**Records from a collection**:
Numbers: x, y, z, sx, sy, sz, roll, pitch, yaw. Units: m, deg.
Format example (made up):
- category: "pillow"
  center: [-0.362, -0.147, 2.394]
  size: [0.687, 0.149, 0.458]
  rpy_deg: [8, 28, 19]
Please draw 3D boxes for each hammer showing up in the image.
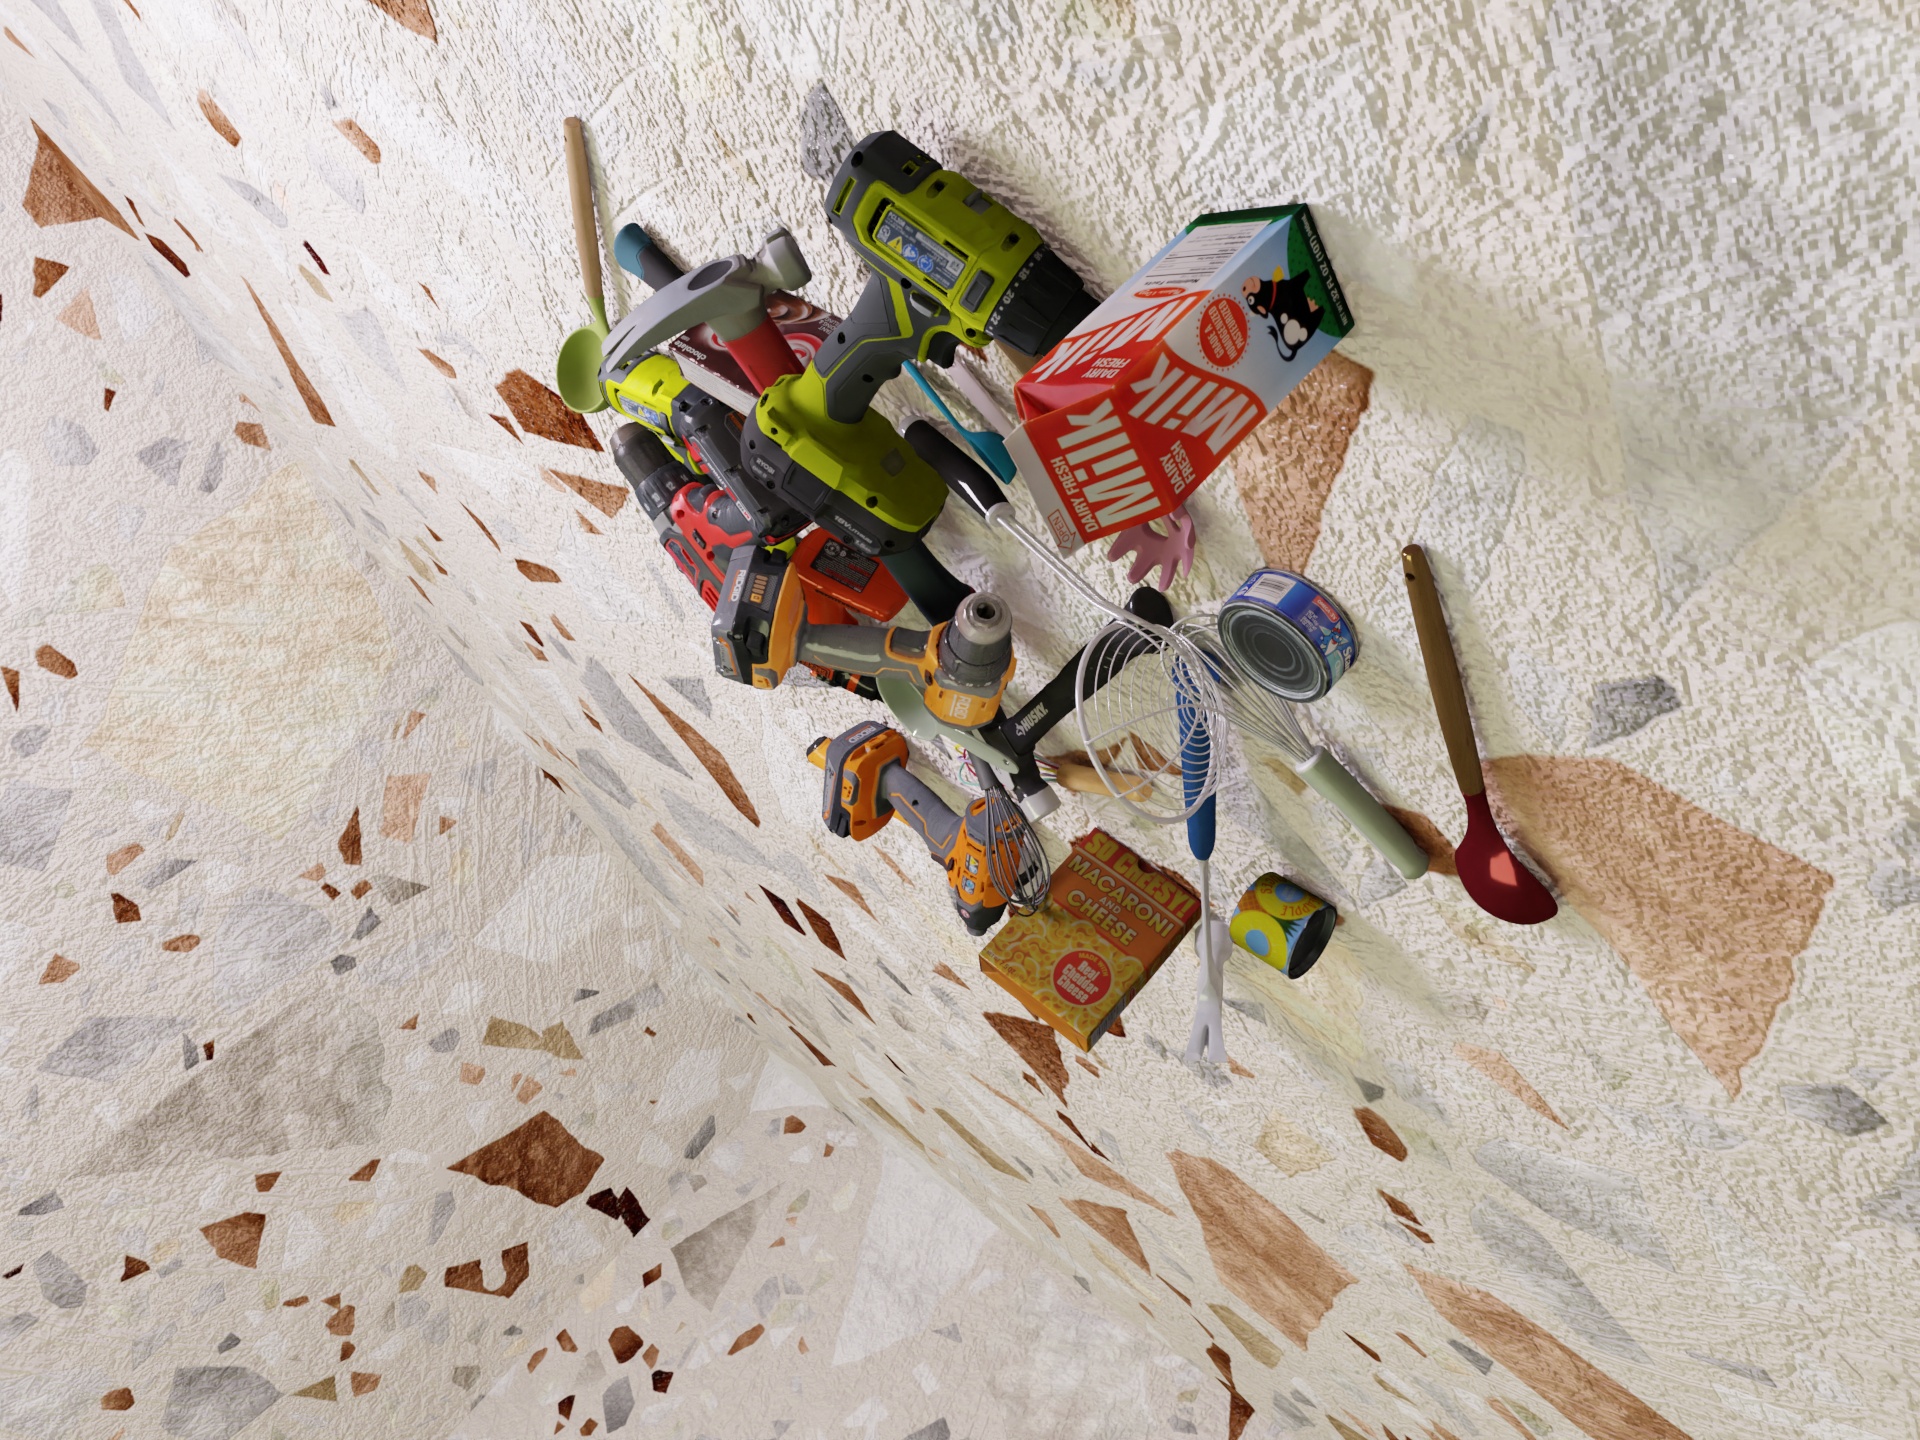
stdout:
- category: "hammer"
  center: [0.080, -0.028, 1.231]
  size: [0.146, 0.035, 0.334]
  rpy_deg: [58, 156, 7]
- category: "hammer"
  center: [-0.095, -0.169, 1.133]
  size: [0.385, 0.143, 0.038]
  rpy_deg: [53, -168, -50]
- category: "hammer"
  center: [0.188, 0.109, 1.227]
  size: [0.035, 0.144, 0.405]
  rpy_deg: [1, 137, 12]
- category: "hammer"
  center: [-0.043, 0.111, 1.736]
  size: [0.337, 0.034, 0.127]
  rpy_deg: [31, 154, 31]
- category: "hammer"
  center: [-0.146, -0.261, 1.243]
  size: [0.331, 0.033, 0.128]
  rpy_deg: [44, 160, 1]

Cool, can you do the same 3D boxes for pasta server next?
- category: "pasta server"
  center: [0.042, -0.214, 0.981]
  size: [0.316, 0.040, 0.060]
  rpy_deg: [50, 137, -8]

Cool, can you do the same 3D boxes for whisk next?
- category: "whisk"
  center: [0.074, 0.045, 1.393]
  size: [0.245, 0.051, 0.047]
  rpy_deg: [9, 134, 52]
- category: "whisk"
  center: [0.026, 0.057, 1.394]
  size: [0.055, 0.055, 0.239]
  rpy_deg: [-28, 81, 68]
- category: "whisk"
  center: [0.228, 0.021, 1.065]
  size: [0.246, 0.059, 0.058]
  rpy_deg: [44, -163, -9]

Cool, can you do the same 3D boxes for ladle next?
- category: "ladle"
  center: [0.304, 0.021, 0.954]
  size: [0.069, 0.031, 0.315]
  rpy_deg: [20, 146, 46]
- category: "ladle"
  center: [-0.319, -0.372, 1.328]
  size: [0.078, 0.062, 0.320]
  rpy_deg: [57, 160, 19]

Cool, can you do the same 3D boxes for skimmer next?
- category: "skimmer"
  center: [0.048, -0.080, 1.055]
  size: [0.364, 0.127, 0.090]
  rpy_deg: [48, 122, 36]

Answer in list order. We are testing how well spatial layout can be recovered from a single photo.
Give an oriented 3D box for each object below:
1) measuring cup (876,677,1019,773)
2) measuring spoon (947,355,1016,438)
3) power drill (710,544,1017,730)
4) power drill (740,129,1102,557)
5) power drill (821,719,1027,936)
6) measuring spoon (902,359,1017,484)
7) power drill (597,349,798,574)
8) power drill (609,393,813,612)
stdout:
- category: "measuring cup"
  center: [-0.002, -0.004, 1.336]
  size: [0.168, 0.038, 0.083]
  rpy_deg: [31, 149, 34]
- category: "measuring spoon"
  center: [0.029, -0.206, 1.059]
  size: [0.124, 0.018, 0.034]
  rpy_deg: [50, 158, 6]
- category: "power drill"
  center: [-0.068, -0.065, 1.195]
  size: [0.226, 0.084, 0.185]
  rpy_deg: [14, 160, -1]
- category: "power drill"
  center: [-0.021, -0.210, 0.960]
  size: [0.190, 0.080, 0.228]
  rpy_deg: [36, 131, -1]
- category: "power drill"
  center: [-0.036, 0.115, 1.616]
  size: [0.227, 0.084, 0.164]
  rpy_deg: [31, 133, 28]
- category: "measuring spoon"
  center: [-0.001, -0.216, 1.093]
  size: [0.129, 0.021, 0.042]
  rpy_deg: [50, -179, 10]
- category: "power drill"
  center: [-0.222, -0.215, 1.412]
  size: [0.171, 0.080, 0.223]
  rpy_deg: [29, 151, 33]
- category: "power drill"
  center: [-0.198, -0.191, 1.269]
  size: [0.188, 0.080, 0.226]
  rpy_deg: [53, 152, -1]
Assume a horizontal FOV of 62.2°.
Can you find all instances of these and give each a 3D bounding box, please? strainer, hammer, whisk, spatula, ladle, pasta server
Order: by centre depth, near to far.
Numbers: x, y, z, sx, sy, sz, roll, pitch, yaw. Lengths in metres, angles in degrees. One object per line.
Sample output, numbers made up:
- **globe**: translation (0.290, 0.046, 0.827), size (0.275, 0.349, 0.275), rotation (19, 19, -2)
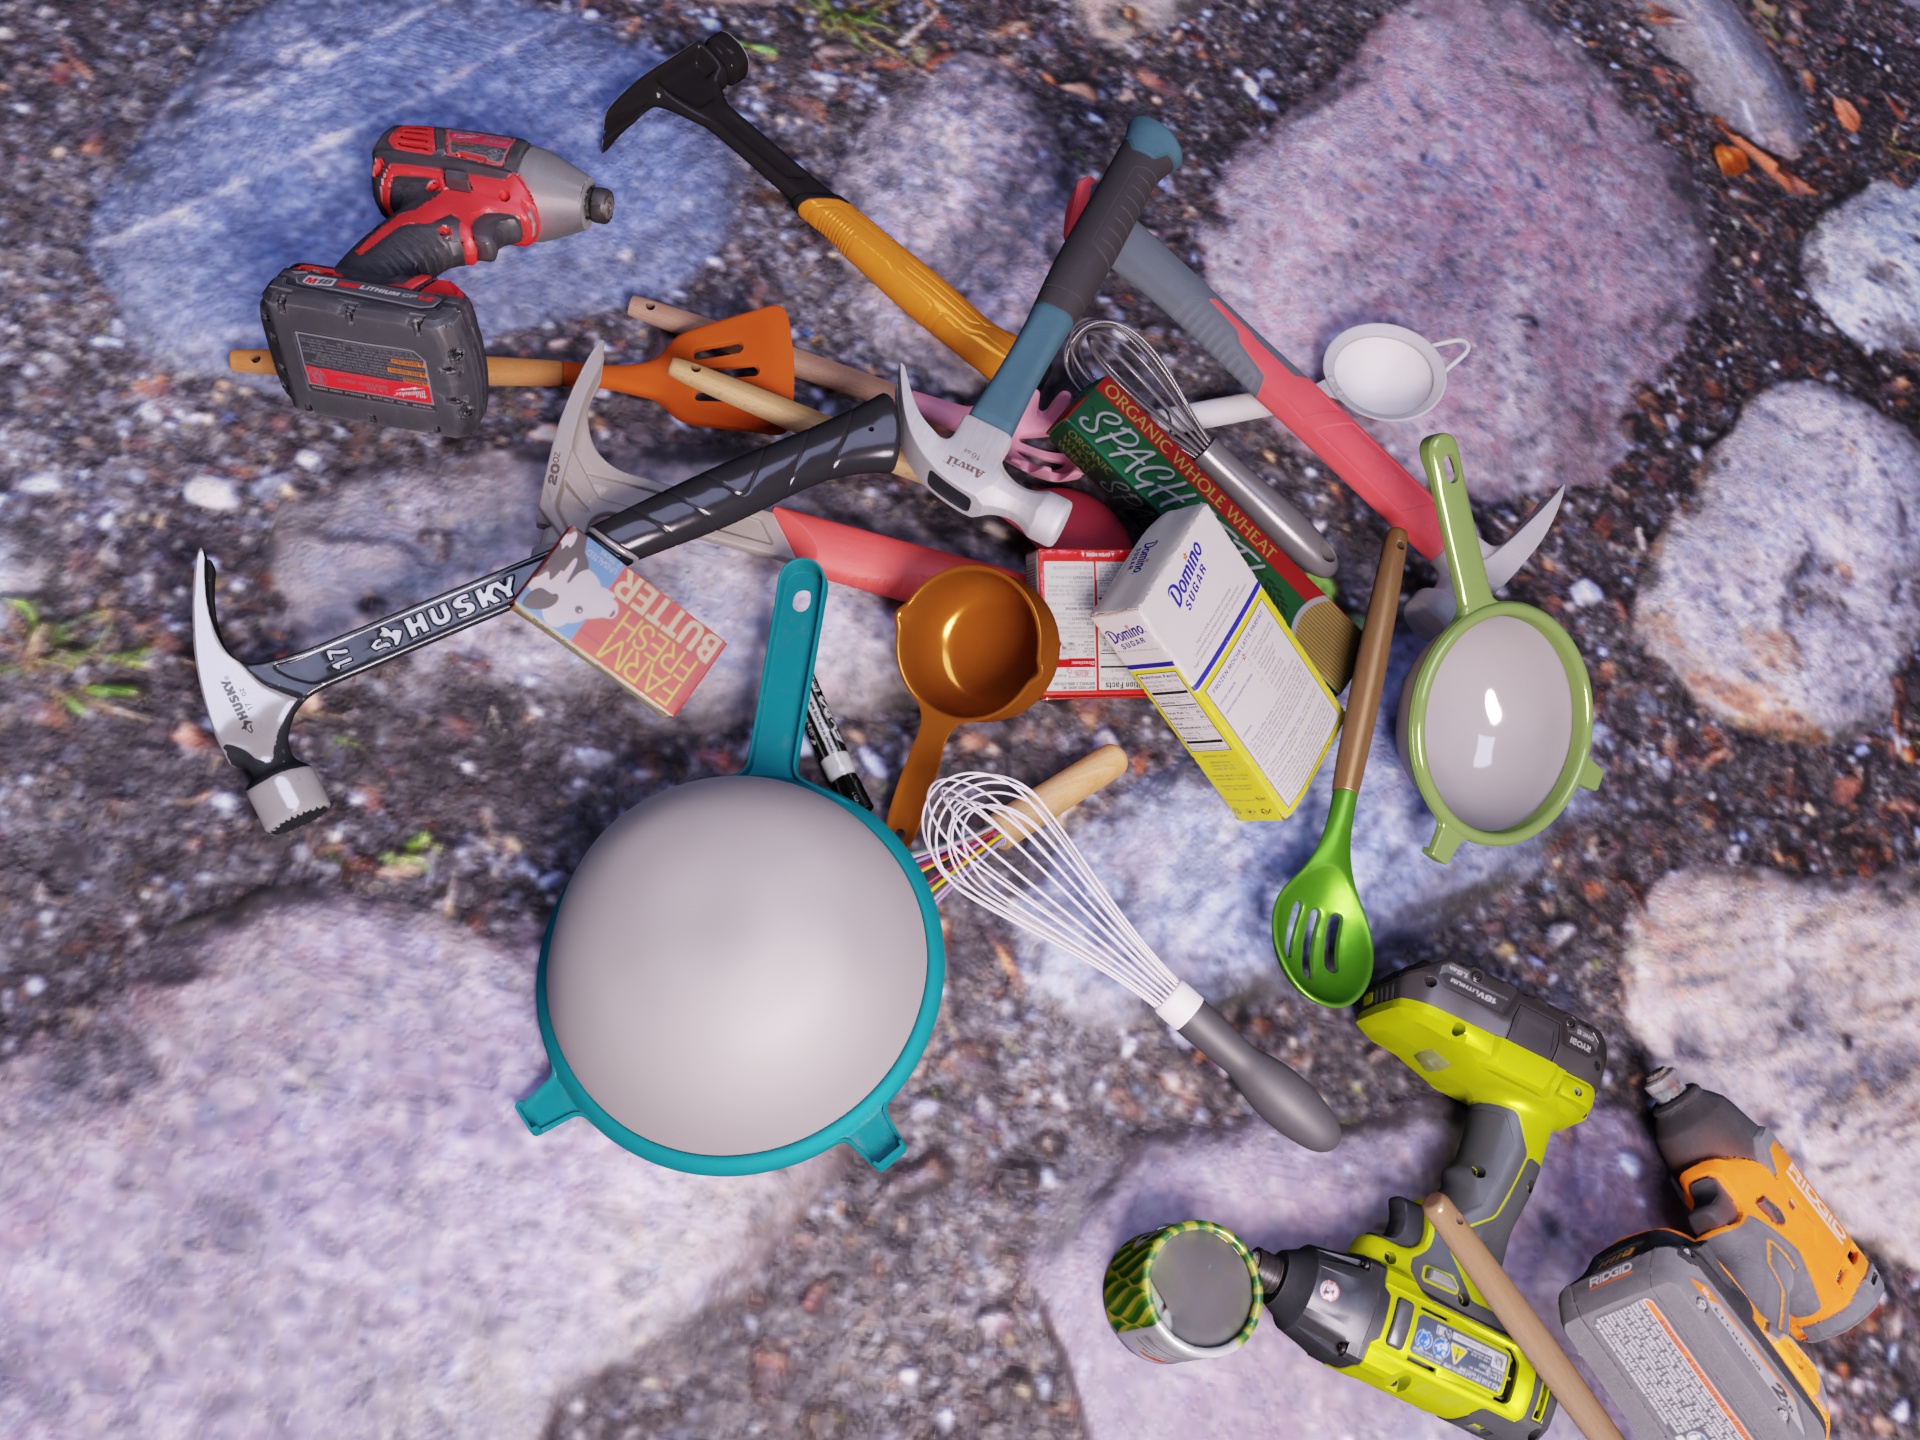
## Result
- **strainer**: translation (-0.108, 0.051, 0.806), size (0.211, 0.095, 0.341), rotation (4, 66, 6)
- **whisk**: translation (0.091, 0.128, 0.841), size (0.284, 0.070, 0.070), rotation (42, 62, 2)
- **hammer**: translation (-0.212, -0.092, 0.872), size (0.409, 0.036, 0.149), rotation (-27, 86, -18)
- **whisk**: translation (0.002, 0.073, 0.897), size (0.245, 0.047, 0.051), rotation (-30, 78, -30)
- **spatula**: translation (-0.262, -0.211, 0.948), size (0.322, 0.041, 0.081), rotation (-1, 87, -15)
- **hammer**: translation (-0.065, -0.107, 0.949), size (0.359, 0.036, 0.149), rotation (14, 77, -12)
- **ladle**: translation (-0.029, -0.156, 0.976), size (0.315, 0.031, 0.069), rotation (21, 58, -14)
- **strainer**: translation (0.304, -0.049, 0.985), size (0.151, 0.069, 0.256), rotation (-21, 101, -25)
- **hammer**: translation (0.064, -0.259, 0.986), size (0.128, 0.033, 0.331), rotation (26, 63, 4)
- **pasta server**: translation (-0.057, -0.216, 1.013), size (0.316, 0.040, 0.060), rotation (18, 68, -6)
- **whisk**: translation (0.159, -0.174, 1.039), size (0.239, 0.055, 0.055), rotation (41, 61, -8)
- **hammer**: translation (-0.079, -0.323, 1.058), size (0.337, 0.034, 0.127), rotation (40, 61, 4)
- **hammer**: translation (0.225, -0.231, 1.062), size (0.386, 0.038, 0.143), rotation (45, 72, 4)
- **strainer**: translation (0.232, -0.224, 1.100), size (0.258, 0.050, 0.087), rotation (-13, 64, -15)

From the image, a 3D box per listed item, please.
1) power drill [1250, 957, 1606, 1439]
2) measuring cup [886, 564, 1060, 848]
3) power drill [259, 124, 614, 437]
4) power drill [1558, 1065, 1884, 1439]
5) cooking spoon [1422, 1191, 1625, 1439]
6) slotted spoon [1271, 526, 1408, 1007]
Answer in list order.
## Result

**What is expected**: Lines holding the string "each" in the records: how many are there? Give only the number.

**Response to the task**: 3